Has anyone here done a safari to Kenya and Tanzania...the animal watching kind?

Have they organized it themselves or used a big tour operator?  I know Kensington, Thompson, and A & K have tours but I am looking for information on perhaps not using large middlemen and instead local operators.  

There are 6 of us thinking of going in either 2013 or 2014.

If you want to catch the Great Migration is it best to try in the Spring early summer or September/October?


----------



## Timeshare Von (Dec 24, 2010)

I was able to put together a very affordable safari for four of us, for about $2,600/person plus airfare.  I used MICS Safari in Nairobi - Peter is the main guy to help you with your actual itinerary.

Here is the detail of our trip in Aug/Sept (which also includes the migration):

Mon 8/22 - Overnight in Nairobi in town (New Stanley Hotel include ½ board/dinner)
Tues 8/23 Safari #1 - Drive to Maasai Mari – 2 nights at Mara Simba Lodge
Wed 8/24 Safari #2 - Maasai Mari
Thur 8/25 Safari #3 - Maasai Mari – 1 night at Mara Savova Camp
Fri 8/26 Safari #4 - Drive Maasai Mari to Lake Nakuru – 1 night Lake Nakuru Lodge
Sat 8/27 Safari #5 - Drive Lake Nakuru to Amboseli – 2 nights Oltukai Lodge
Sun 8/28 Safari #6 - Amboseli
Mon 8/29 Safari #7 - Drive Amboseli to Lake Manyara – 1 night Lake Manyara Serena Hotel
Tues 8/30 Safari #8 - Drive Lake Manyara to Serengeti – 2 nights Serengeti Sopa Lodge
Wed 8/31 Safari #9 - Serengeti
Thur 9/1 Safari #10 - Drive Serengeti to Ngorongoro – 1 night Ngorongoro Sopa Lodge
Fri 9/2 Safari #11 - Drive Ngorongoro to Tsavo West – 1 night Voyager Ziwani Safari Camp
Sat 9/3 Safari #12 - Drive Tsavo West to Nairobi – DEPARTURE HOME (appox 10pm)

The price we're paying includes all ground transportation with driver/guide in private safari vehicle (no others with our group of 4), double occupancy lodging and all meals.

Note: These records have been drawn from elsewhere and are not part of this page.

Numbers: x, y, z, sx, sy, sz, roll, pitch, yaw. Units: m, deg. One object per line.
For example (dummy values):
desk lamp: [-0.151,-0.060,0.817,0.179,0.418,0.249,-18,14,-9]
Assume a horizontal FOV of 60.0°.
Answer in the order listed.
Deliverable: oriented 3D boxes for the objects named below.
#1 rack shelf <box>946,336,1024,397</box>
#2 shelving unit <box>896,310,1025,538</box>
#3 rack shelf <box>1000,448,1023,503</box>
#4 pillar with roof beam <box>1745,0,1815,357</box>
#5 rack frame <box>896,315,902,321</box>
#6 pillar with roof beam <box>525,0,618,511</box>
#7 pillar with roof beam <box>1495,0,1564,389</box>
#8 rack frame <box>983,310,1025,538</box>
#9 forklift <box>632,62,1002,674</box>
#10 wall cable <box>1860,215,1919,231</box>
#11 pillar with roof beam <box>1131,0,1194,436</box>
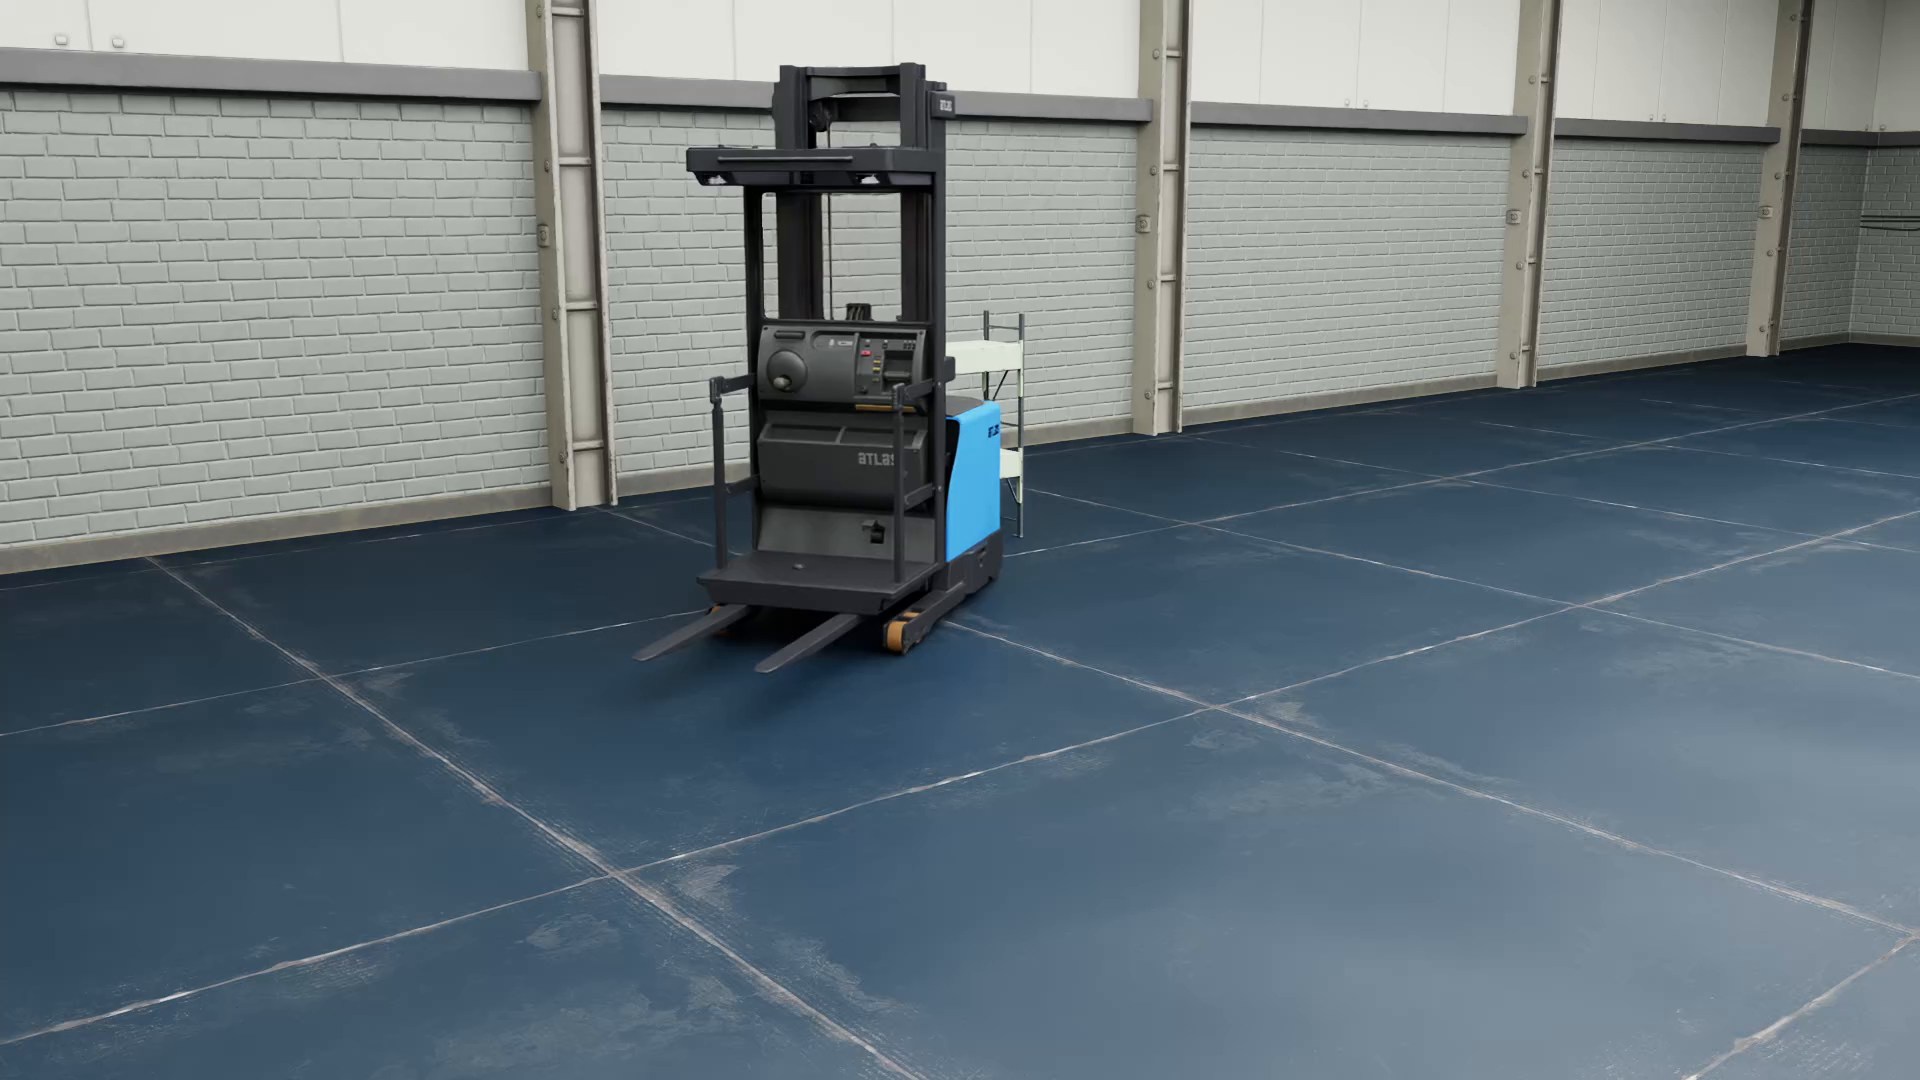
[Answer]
rack shelf: [0.005,-1.116,10.896,0.720,0.370,0.431,-9,15,-38]
shelving unit: [0.005,-0.735,10.977,0.755,1.500,0.431,-9,15,-38]
rack shelf: [0.005,-0.416,11.045,0.720,0.370,0.431,-9,15,-38]
pillar with roof beam: [13.952,-6.303,19.146,0.400,9.000,9.100,-9,15,-38]
rack frame: [-0.281,-0.687,10.753,0.023,1.500,0.400,-9,15,-38]
pillar with roof beam: [-0.103,-3.967,8.146,0.400,9.000,9.100,-9,15,-38]
pillar with roof beam: [9.267,-5.524,15.479,0.400,9.000,9.100,-9,15,-38]
rack frame: [0.291,-0.782,11.201,0.023,1.500,0.400,-9,15,-38]
forklift: [-0.692,-0.953,8.562,1.130,2.935,3.031,4,13,18]
wall cable: [14.389,-5.650,23.547,0.112,2.526,3.097,-9,15,-38]
pillar with roof beam: [4.582,-4.746,11.813,0.400,9.000,9.100,-9,15,-38]

If you'd like more info, please feel free to message me privately.  Also, check out www.tripadvisor and the Kenya forums.  They are very helpful.

Von


----------



## Timeshare Von (Dec 24, 2010)

nalismom said:


> Has anyone here done a safari to Kenya and Tanzania...the animal watching kind?
> 
> Have they organized it themselves or used a big tour operator?  I know Kensington, Thompson, and A & K have tours but I am looking for information on perhaps not using large middlemen and instead local operators.
> 
> ...



P.S.  Regarding the migration, it is best from July through October, with the peak being August/September.


----------



## Aussiedog (Dec 24, 2010)

*Contact Unique Safaris*

The migration is at its peak in Tanzania in Feb - March.  It is fabulous.  Baby animals everywhere.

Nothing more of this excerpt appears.